General
1. Connect via a GMU Network/VPN
Before using cluster resources, it is best to make sure you are either connected through a GMU campus network or are using the GMU Cisco Secure Client VPN. This is not only good for security reasons, but can affect the how the cluster runs certain jobs.
2. How to make sure the my jobs gets schedule quickly.
Don't request more resources you need to run your job. For example, if
you know your job requires a certain amount of memory, it is better to
specify it in the job script so that the resource manager can better
schedule your job to an appropriate node. It may also reduce query wait
time. These requirements can be specified using the --mem=VALUE
option
in the job script.
3. Always run jobs in the most appropriate queue.
For example, if you want to run a job that requires lots of memory (>
10GB), then it is best to run it using one of the big memory queues.
This can be done by requested one of the "bigmem" partitions in your job
submission script (e.g. --partition=bigmem-HiPri
). Otherwise your job
may get killed, other users' jobs may be culled, or you could even cause
a kernel panic on a compute node.
4. Close Interactive/OnDemand Sessions when you're done with them
Sometimes you may finish all the work you need to do within an interactive session or Open OnDemand app session before your time allocation runs out. It is prudent to close the session when this happens in order to free up resources for other users
Resource Utilization
Using Multiple Nodes/Slots
1. Which MPI to use?
Unless your code requires a specific MPI library it is highly
recommended that you use the latest intel-MPI installed in the Hopper
cluster. Also note that the mpich
does not use the high speed
InfiniBand interconnect, so if you are using it with a communication
heavy process then you could create a bottleneck due to slow
communications.
2. Number of nodes to use
Although the cluster has > 700 nodes, it recommended that you restrict your MPI program to 128 nodes. Even with 128 nodes, it could take a while for your job to get scheduled depending on the cluster load.
GPU Based Jobs
Hopper has a limited number of GPU nodes that may not all be available at any given time. For the sake of other users, please be prudent about how many GPU nodes you request per job
GPU Nodes (A100) | 31 | AMD - 1984 cores | 64 / node | 512 GB | 124 Nvidia A100 - 80GB GPUs |
GPU Nodes (DGX) | 2 | AMD - 256 cores | 128 / node | 1024 GB | 16 Nvidia A100 - 40GB GPUs |
GPU Nodes (H100) | 1 | Intel - 112 cores | 112 / node | 2048 GB | 4 Nvidia H100 - 80GB GPUs |
Troubleshooting
1. Before contacting the system admin, look in the The ORC Wiki to see if it has the solution to your problem.

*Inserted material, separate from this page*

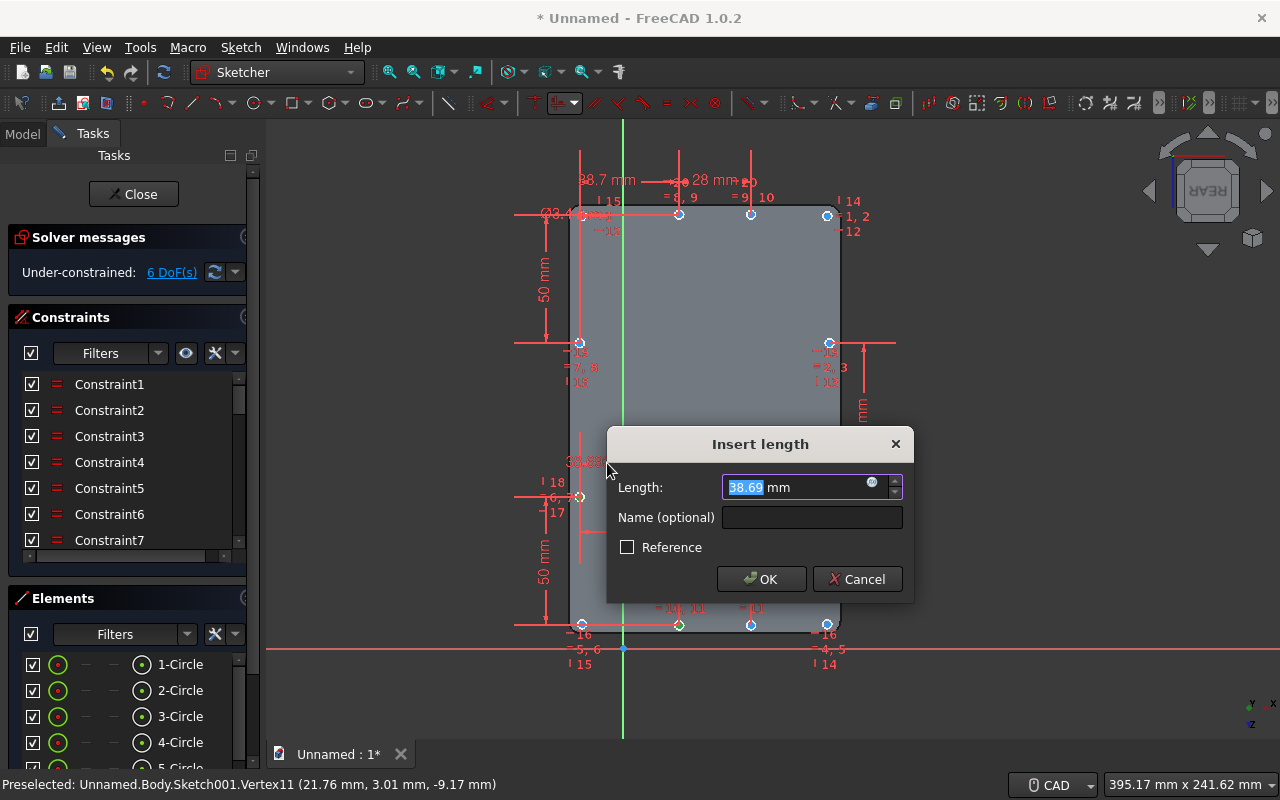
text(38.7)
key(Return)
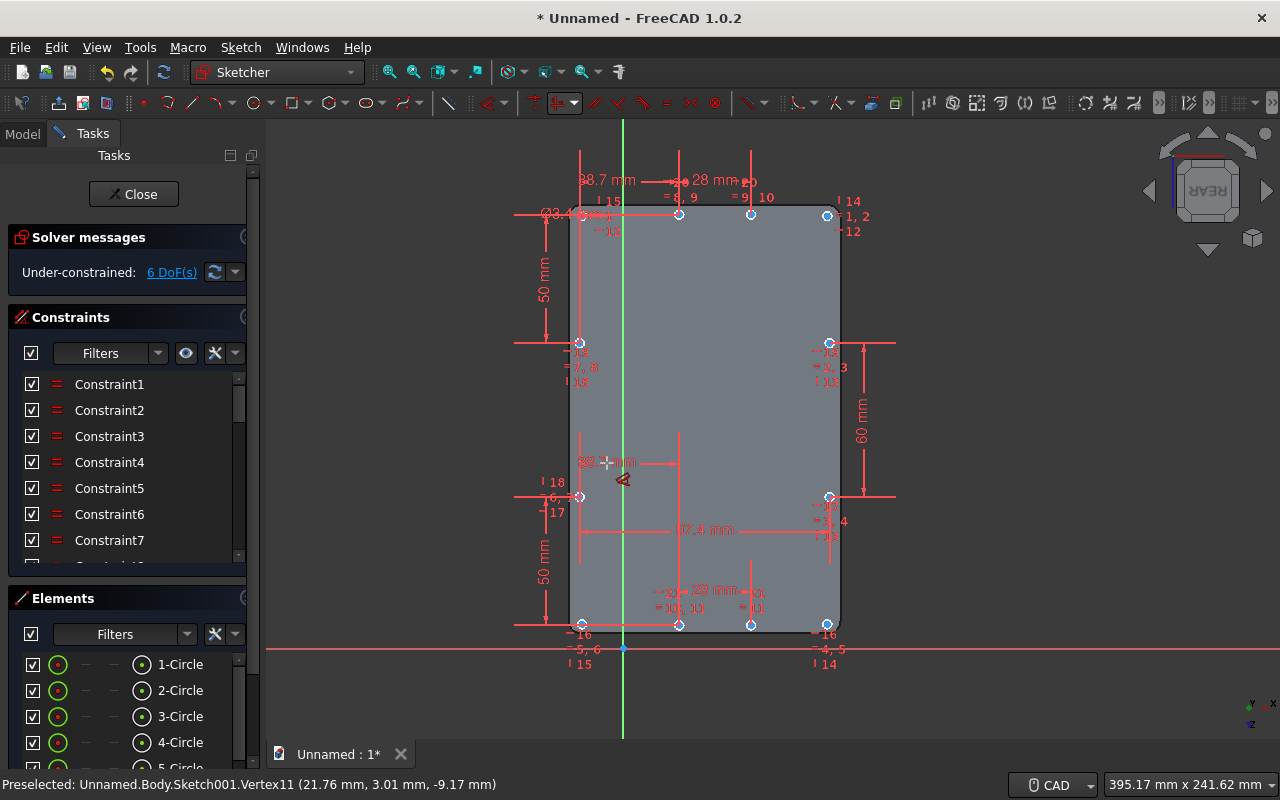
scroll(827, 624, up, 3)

2. Follow the bread crumbs. To get information about a prematurely killed job check the log file created by SLURM. To get a list of failed(F), completed(CD), cancelled(CA) jobs with error codes the following command can be used,
sacct -s F,CD,CA --starttime yyyy-mm-dd -u $USER | less
where --starttime option fixes the specific beginning date from where and onward job records are to be printed.